Wayne County Third Judicial Circuit Court Judge Wendy Baxter ruled Friday that the school board has to rescind its decision to hire a treasurer because Bobb has authority over the finances.

Baxter granted Bobb’s request for an injunction to bar the board from moving forward with plans to appoint a treasurer. …

While Bobb won Friday’s battle, the court war continues as the board is still suing him, saying he has overstepped his legal authority by making academic decisions and that he has violated state law by not consulting the board on financial plans.

Bobb is countersuing, saying the board usurped his hiring authority by voting to make the acting superintendent permanent.
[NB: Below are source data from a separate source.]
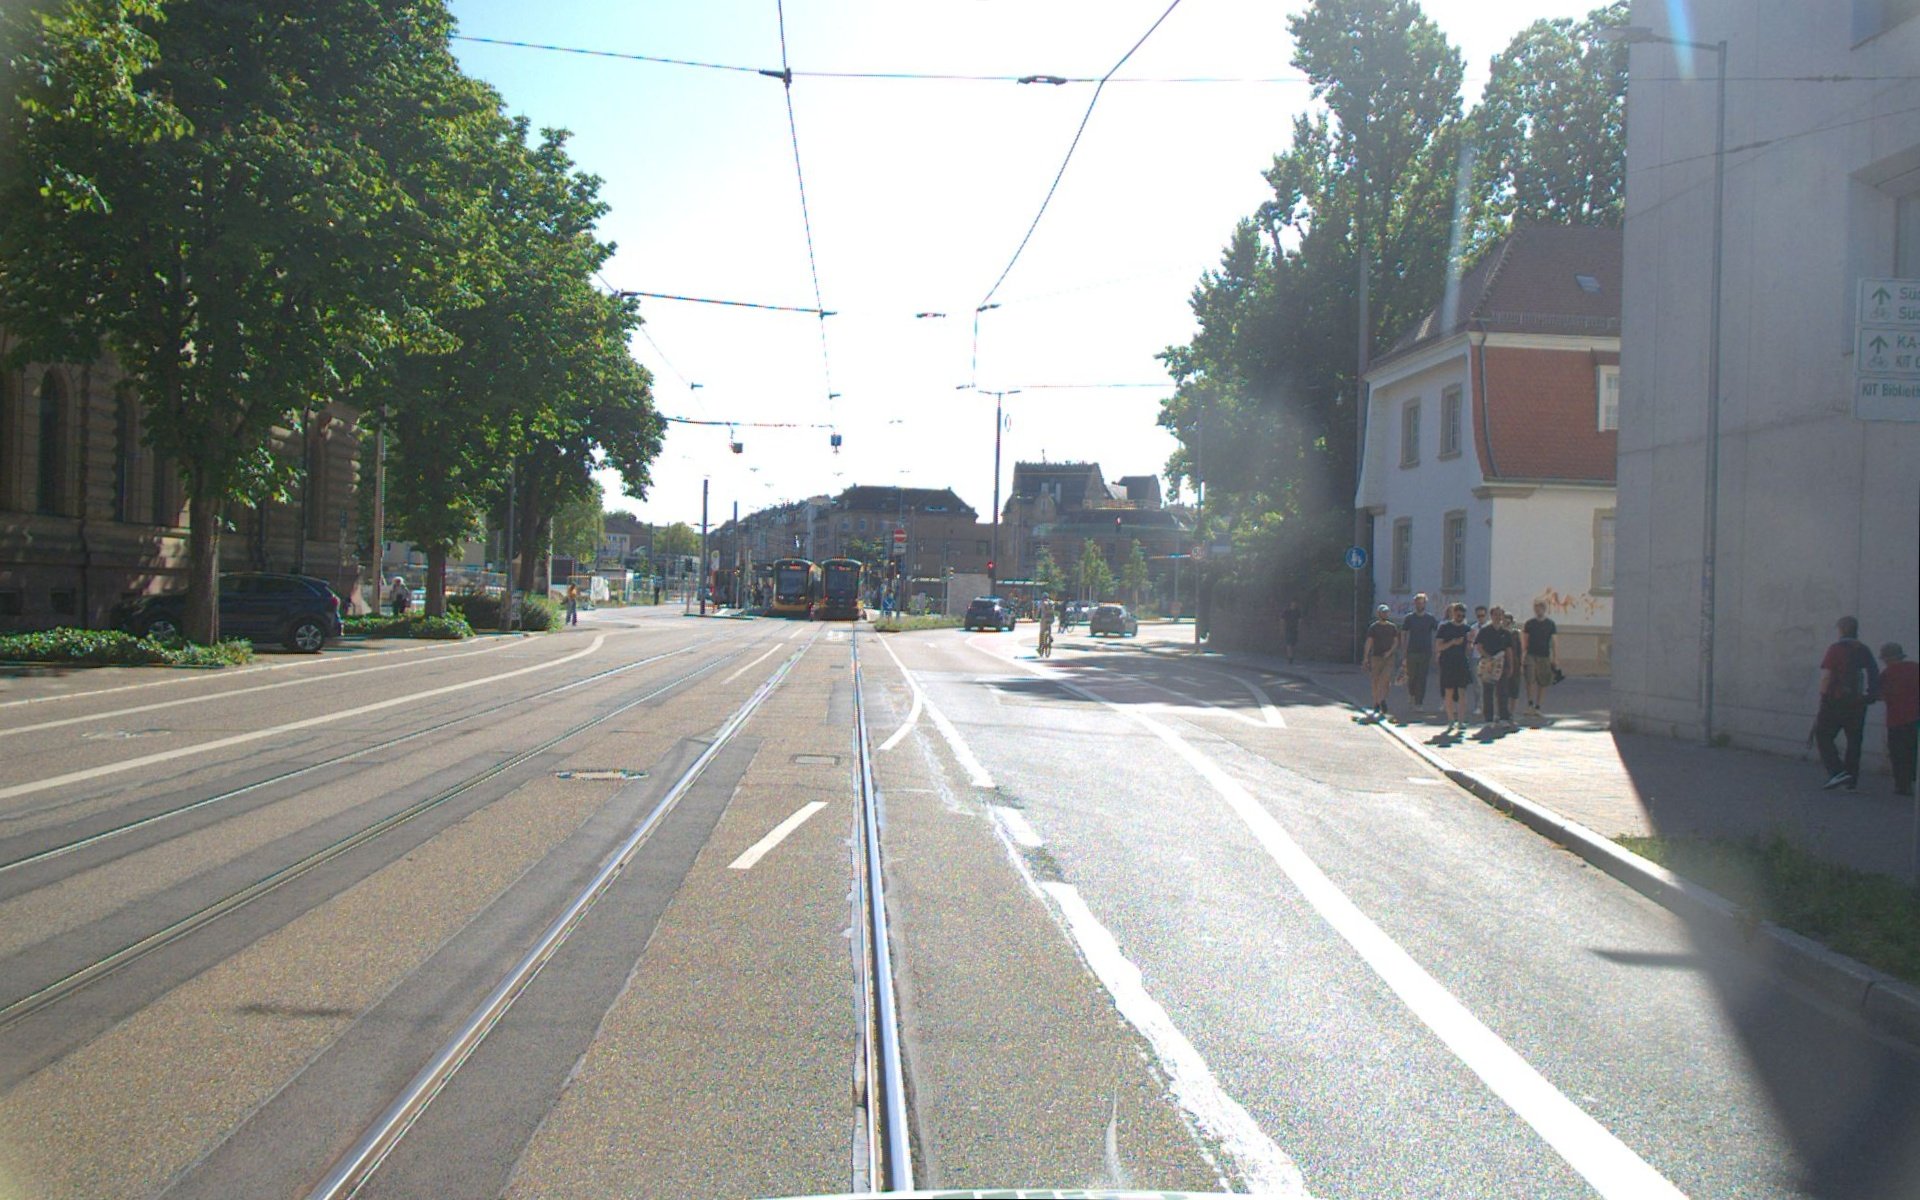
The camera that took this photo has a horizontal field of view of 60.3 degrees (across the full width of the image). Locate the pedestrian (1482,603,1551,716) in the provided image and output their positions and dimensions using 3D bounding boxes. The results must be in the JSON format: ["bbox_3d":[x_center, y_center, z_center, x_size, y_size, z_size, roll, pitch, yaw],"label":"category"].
[{"bbox_3d":[8.466,0.895,25.203,0.811,1.632,0.894,-3,0,11],"label":"pedestrian"}]

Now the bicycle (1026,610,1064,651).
[{"bbox_3d":[2.471,0.875,48.117,0.690,1.124,1.718,3,1,16],"label":"bicycle"}]

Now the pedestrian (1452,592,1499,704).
[{"bbox_3d":[8.518,0.787,27.351,0.597,1.805,0.653,-3,0,12],"label":"pedestrian"}]

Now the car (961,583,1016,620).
[{"bbox_3d":[1.411,0.077,79.624,1.751,1.632,3.715,3,1,15],"label":"car"}]

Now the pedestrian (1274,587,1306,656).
[{"bbox_3d":[9.496,0.614,47.576,0.625,1.937,1.134,-1,0,-3],"label":"pedestrian"}]

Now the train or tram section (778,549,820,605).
[{"bbox_3d":[-11.505,-1.664,118.808,2.688,3.715,12.533,1,1,-5],"label":"train or tram section"}]

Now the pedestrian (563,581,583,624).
[{"bbox_3d":[-15.534,0.094,66.387,0.628,1.726,0.813,0,0,-25],"label":"pedestrian"}]

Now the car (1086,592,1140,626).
[{"bbox_3d":[7.528,0.450,81.204,1.752,1.537,3.714,3,1,19],"label":"car"}]

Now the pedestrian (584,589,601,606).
[{"bbox_3d":[-22.782,-0.159,102.580,0.880,1.064,0.655,1,0,-3],"label":"pedestrian"}]

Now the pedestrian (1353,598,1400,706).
[{"bbox_3d":[7.074,0.870,28.089,0.593,1.777,0.718,-2,0,4],"label":"pedestrian"}]

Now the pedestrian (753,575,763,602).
[{"bbox_3d":[-14.250,-0.795,116.757,0.614,1.859,0.661,1,0,-5],"label":"pedestrian"}]

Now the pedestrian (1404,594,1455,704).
[{"bbox_3d":[7.893,0.820,27.778,0.519,1.805,0.733,-3,0,37],"label":"pedestrian"}]

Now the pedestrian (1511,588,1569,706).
[{"bbox_3d":[9.289,0.742,26.508,0.643,1.833,0.732,-2,0,4],"label":"pedestrian"}]

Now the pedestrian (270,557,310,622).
[{"bbox_3d":[-17.920,-0.278,44.226,0.687,1.663,0.759,4,0,-4],"label":"pedestrian"}]

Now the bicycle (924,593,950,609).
[{"bbox_3d":[-1.702,0.052,122.552,1.896,1.122,0.598,1,1,-6],"label":"bicycle"}]

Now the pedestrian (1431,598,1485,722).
[{"bbox_3d":[7.281,0.860,24.201,0.484,1.758,0.816,-3,0,2],"label":"pedestrian"}]

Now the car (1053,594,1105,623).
[{"bbox_3d":[7.404,0.552,102.430,1.670,1.672,3.704,3,1,31],"label":"car"}]

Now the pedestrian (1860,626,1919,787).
[{"bbox_3d":[8.789,0.969,15.283,0.507,1.429,0.764,1,0,-1],"label":"pedestrian"}]

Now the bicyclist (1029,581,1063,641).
[{"bbox_3d":[2.498,0.315,48.112,0.690,1.704,1.102,3,1,16],"label":"bicyclist"}]

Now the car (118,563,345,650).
[{"bbox_3d":[-14.617,0.132,33.214,3.947,1.577,1.858,2,0,-32],"label":"car"}]

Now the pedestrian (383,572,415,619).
[{"bbox_3d":[-18.581,-0.148,54.772,0.909,1.530,0.700,1,0,-26],"label":"pedestrian"}]

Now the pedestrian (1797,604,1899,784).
[{"bbox_3d":[8.263,0.855,15.407,0.507,1.628,0.764,1,0,-1],"label":"pedestrian"}]

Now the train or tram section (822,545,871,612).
[{"bbox_3d":[-6.964,-1.299,100.545,2.688,3.715,13.773,1,1,-5],"label":"train or tram section"}]

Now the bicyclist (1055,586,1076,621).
[{"bbox_3d":[5.284,0.174,82.637,0.690,1.730,0.987,4,1,21],"label":"bicyclist"}]

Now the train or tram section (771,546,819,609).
[{"bbox_3d":[-10.463,-1.465,105.697,2.688,3.715,13.773,1,1,-5],"label":"train or tram section"}]

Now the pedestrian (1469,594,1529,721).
[{"bbox_3d":[7.912,0.831,24.294,0.633,1.793,0.957,-3,0,11],"label":"pedestrian"}]

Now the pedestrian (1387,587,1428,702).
[{"bbox_3d":[7.661,0.755,28.303,0.507,1.935,0.612,-2,0,4],"label":"pedestrian"}]

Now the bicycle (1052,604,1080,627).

Bobb may have the upper hand.

The LSJ reports that he “has eliminated the board’s budget, saying he will not provide funding for the board to sue him.”

Down and out in Motown: Gambler’s suit against casino comes up snake eyes

Wayne County Circuit Court Judge Michael Sapala has dealt a busted straight to a Macomb County gambler trying to recoup his losses with a lawsuit against MotorCity Casino.

“This morning, … Sapala denied a motion by [Italo] Parise to order the Detroit casino to repay him $673,854 in gambling losses,” reports The Detroit News.

Sapala said the 1961 law cited by Parise’s lawyer allows people to collect their gambling losses only in cases of illegal gambling.

“This is a very easy, simple and straightforward decision: It is the public policy of the state — whether you agree with it or not — that casino gambling is legal,” Sapala told attorney Frank Cusumano Jr. in court Friday.

Attorney Deborah Brower, who represents the casino, is asking the judge to impose sanctions on Cusumano for filing what she calls a “frivolous” case.

Cusumano is considering an appeal.

Parise racked up his losses at MotorCity over the last 10 years.